DATA PROVIDED section start
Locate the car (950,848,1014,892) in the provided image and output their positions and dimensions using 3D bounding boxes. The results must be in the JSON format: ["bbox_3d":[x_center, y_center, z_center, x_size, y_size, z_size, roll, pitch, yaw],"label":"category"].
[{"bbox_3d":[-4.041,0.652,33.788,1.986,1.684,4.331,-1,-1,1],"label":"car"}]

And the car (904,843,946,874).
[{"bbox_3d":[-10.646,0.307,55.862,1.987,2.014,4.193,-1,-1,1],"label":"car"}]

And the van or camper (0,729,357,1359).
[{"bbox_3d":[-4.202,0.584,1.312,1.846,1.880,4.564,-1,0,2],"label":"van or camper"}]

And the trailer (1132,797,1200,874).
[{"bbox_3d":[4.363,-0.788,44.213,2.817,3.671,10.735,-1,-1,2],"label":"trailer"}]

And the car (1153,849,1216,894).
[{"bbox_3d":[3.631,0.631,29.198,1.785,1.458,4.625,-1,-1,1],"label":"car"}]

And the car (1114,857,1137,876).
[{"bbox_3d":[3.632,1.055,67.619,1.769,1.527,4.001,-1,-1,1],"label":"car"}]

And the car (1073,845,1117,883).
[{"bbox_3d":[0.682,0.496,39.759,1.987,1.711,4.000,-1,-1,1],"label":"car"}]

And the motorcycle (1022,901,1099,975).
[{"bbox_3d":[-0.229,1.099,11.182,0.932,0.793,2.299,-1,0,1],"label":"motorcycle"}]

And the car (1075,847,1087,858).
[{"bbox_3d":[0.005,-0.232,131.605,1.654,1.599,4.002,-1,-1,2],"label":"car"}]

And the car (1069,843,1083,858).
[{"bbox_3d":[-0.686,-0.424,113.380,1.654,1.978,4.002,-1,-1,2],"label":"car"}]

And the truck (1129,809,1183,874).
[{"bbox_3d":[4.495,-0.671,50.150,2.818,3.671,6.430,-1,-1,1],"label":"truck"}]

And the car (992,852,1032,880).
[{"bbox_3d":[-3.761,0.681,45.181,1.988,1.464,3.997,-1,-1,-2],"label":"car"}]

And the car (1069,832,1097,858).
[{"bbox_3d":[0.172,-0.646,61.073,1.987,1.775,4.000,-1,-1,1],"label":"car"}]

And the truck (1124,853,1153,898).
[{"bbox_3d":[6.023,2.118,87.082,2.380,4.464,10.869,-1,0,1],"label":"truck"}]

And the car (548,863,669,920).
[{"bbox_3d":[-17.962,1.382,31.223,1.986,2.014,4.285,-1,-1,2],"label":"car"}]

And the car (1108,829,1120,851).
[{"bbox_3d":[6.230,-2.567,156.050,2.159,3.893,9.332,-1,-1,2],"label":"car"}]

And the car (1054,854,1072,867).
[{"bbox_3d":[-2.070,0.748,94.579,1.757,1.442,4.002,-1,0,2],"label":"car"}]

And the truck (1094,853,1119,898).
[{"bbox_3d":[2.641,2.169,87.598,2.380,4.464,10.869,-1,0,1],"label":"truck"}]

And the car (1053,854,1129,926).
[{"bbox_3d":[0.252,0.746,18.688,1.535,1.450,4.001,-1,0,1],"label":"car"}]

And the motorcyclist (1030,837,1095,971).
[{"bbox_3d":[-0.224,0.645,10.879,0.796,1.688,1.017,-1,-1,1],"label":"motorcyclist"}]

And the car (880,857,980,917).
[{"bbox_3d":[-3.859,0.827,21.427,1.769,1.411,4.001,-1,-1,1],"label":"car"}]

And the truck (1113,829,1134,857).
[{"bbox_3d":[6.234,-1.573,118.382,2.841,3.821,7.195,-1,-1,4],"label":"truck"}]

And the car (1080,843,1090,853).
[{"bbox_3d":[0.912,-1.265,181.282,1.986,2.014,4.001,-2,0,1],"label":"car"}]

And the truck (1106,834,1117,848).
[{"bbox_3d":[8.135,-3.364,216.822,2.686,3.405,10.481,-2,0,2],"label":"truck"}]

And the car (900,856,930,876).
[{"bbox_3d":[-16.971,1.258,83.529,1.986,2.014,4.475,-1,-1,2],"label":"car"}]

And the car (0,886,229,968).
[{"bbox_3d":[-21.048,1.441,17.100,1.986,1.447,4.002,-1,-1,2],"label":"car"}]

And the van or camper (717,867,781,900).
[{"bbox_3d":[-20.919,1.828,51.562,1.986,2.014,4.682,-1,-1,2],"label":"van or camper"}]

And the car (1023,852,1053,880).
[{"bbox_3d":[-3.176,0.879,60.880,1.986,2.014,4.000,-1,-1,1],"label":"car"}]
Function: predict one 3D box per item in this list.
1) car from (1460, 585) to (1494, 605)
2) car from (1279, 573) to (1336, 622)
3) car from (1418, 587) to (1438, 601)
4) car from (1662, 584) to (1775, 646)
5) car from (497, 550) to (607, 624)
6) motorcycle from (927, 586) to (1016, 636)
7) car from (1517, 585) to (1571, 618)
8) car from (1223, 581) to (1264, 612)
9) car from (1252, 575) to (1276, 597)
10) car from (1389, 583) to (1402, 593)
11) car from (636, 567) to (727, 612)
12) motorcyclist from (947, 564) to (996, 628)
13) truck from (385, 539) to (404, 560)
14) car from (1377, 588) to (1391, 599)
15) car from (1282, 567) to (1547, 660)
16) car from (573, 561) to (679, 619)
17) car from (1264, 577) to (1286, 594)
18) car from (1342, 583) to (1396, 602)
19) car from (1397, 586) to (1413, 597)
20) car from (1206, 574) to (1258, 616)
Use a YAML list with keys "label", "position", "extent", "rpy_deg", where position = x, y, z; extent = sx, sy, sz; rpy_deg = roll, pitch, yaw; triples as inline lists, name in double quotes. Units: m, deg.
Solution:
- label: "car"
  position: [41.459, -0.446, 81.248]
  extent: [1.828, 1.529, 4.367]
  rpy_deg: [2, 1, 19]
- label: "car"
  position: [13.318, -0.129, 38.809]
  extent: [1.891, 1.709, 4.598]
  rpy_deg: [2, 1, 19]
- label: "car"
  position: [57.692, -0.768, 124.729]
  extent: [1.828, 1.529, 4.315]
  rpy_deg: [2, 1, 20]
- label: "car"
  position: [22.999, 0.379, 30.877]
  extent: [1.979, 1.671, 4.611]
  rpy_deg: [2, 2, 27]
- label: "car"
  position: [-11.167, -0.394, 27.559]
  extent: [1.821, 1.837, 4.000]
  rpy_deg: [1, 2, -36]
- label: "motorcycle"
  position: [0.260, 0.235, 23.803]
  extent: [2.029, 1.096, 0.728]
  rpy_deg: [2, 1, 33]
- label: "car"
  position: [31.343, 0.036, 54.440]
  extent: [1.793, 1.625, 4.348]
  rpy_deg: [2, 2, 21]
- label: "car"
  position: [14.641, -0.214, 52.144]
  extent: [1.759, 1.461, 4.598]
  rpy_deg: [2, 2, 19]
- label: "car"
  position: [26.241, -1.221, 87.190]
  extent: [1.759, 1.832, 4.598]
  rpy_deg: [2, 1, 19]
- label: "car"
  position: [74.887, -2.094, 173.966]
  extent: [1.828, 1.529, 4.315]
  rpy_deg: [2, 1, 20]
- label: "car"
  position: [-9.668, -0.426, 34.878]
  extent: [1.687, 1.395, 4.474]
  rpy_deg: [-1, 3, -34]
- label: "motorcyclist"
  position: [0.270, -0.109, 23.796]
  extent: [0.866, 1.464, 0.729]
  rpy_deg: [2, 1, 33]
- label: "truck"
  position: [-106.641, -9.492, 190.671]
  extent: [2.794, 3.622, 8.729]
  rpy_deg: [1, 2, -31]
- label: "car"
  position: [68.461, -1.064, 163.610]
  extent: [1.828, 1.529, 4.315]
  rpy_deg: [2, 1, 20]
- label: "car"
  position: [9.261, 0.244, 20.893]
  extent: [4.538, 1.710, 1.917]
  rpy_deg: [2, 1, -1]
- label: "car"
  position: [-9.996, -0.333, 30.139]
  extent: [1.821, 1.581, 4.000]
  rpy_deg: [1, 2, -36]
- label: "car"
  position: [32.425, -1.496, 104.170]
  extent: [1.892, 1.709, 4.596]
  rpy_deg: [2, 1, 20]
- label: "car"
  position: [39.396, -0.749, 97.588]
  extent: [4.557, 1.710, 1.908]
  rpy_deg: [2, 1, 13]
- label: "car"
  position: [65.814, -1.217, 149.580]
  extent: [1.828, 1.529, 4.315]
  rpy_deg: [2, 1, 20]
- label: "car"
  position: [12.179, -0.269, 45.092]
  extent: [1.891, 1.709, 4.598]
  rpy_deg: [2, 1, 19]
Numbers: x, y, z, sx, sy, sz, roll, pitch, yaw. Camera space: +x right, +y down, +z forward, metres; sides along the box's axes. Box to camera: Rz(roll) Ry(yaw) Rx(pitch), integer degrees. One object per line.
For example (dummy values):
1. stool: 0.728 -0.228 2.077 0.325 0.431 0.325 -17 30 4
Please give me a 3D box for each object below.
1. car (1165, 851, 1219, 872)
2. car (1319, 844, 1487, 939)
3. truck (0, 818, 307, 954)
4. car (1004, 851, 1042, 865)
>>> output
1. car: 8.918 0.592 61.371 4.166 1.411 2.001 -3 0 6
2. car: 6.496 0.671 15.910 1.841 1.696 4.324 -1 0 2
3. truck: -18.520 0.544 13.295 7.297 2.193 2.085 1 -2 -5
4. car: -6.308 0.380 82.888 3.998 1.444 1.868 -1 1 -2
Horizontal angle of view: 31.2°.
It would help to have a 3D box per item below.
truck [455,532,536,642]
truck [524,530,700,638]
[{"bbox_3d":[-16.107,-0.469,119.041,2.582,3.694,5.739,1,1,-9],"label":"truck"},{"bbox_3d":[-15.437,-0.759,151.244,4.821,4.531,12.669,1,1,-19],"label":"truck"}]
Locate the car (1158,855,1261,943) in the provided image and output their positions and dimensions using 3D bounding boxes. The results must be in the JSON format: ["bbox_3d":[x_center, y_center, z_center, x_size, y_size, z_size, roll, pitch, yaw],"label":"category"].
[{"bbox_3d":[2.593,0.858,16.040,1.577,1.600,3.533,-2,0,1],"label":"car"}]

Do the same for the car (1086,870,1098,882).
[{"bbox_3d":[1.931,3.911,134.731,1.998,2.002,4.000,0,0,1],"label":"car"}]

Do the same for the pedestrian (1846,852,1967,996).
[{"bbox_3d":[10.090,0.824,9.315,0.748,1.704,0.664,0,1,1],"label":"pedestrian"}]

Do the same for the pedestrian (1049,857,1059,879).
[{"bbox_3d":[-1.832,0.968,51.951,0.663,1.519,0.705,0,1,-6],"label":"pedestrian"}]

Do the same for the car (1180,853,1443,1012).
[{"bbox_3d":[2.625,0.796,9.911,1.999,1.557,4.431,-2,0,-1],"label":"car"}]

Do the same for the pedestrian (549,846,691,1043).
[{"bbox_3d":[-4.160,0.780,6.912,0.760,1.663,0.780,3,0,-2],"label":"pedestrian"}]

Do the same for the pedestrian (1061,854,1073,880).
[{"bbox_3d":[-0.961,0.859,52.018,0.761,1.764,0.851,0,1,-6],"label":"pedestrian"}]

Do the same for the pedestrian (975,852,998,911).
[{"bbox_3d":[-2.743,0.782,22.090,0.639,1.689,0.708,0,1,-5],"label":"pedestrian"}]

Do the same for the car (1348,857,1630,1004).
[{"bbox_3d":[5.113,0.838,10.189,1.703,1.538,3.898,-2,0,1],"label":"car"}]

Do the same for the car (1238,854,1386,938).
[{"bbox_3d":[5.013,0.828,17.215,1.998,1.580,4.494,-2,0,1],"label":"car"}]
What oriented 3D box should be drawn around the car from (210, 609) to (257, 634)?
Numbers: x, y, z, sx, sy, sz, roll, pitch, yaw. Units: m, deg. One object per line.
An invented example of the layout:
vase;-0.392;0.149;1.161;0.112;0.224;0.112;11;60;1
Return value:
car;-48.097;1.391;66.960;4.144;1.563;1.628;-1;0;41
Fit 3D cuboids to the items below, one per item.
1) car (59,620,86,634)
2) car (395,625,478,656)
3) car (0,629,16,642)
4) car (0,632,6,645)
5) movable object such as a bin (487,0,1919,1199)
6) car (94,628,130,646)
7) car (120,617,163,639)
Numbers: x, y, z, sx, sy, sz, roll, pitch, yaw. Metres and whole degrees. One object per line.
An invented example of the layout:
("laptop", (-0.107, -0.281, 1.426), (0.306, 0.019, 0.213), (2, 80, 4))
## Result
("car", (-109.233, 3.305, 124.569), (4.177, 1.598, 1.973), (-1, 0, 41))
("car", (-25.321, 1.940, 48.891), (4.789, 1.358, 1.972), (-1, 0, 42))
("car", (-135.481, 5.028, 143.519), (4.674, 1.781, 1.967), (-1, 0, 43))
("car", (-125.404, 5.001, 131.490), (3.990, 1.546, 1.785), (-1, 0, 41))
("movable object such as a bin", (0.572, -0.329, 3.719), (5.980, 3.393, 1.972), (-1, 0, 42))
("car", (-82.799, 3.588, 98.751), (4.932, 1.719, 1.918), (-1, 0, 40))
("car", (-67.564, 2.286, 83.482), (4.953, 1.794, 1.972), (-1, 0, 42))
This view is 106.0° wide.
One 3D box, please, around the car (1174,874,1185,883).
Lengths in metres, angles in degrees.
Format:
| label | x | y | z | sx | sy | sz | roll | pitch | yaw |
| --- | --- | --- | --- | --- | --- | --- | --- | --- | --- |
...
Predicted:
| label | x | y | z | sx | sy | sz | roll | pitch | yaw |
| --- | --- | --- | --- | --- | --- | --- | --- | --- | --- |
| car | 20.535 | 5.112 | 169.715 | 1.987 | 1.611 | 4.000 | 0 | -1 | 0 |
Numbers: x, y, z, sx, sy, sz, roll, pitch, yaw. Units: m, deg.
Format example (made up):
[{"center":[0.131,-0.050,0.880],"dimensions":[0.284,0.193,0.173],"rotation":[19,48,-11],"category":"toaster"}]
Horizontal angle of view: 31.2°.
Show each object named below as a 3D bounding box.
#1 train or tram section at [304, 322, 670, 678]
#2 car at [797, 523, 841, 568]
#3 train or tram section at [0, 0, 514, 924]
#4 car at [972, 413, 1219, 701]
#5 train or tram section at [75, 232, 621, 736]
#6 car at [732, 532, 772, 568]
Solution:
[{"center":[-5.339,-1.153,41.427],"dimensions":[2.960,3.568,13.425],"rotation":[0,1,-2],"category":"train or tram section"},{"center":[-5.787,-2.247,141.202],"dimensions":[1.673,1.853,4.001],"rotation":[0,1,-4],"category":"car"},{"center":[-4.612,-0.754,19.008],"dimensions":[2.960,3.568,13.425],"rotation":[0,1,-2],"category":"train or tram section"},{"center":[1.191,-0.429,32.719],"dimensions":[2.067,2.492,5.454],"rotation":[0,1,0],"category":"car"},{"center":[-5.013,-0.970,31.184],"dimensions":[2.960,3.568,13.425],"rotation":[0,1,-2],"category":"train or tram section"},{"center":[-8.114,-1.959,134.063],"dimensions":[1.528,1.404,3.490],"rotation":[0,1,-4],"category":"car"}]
DATA PROVIDED section end
All that is wanted is an exact copy of the lines above from the one with "1. stool: 0.728" through the one with "4. car (1004, 851, 1042, 865)", with both ends included.

1. stool: 0.728 -0.228 2.077 0.325 0.431 0.325 -17 30 4
Please give me a 3D box for each object below.
1. car (1165, 851, 1219, 872)
2. car (1319, 844, 1487, 939)
3. truck (0, 818, 307, 954)
4. car (1004, 851, 1042, 865)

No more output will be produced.